Exercise objective:
Restate word for word the entries below, starting with the line with "- gelatin box (220,207,307,320)" and continuing through the line with "Assume a horizontal". Include both of those lines and no others.

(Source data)
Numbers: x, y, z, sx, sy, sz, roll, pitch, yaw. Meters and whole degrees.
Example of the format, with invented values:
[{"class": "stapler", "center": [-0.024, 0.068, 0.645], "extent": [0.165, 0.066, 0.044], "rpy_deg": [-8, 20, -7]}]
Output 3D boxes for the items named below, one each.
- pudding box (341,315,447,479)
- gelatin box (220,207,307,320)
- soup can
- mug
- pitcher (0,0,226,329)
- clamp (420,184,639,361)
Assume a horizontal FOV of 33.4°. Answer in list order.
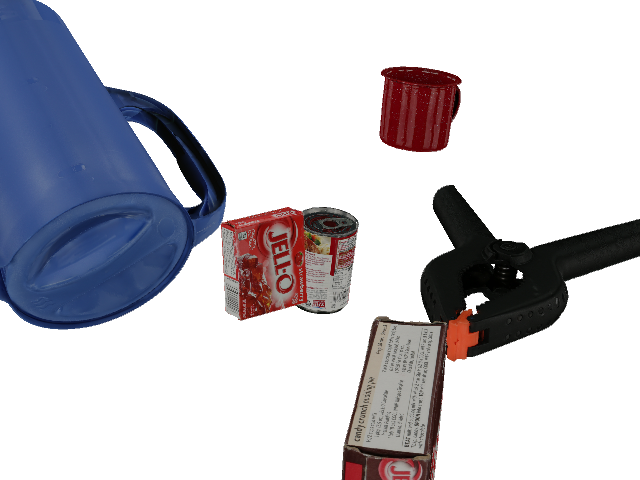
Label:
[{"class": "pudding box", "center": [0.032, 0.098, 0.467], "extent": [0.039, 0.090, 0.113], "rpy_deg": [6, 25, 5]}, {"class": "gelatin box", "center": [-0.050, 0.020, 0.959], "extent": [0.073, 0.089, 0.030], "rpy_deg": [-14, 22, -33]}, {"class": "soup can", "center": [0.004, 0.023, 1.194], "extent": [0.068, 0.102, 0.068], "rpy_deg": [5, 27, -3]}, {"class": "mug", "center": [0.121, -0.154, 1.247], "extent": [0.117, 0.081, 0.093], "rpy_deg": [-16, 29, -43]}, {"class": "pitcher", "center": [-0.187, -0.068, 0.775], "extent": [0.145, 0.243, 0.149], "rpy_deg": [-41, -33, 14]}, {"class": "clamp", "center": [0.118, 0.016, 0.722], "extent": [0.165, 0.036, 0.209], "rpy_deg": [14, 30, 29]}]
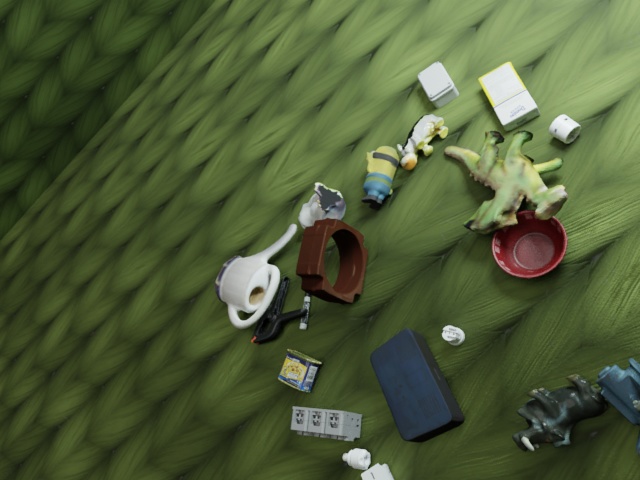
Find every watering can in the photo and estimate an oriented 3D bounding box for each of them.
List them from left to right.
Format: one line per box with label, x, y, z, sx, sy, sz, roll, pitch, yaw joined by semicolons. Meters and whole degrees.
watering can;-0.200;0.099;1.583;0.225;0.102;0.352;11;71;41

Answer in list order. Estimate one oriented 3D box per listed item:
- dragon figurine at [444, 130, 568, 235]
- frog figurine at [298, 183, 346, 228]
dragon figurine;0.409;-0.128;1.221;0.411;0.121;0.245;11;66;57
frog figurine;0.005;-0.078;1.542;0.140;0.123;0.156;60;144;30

==

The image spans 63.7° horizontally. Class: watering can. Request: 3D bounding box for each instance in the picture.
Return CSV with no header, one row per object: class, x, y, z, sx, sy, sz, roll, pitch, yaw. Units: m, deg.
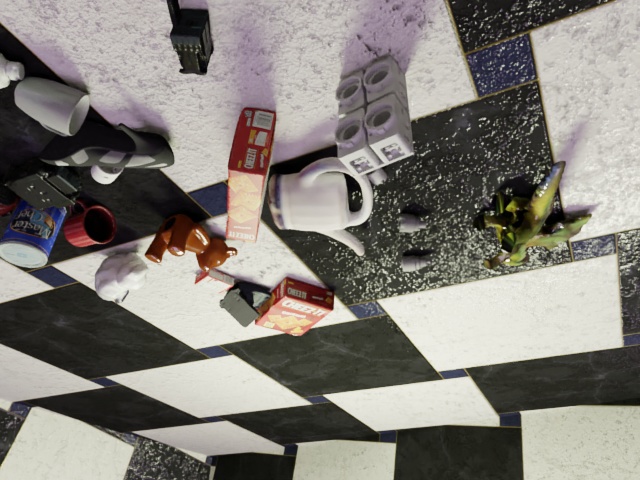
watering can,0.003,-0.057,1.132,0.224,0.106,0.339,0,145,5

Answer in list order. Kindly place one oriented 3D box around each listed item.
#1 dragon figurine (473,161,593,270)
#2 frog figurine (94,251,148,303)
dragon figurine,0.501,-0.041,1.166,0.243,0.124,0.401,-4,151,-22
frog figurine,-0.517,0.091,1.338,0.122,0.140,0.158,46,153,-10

Output below:
- gelatin box (220,207,307,320)
- soup can
- mug
- pitcher (0,0,226,329)
- clamp (420,184,639,361)
Assume a horizontal FOV of 33.4°. Answer in list order.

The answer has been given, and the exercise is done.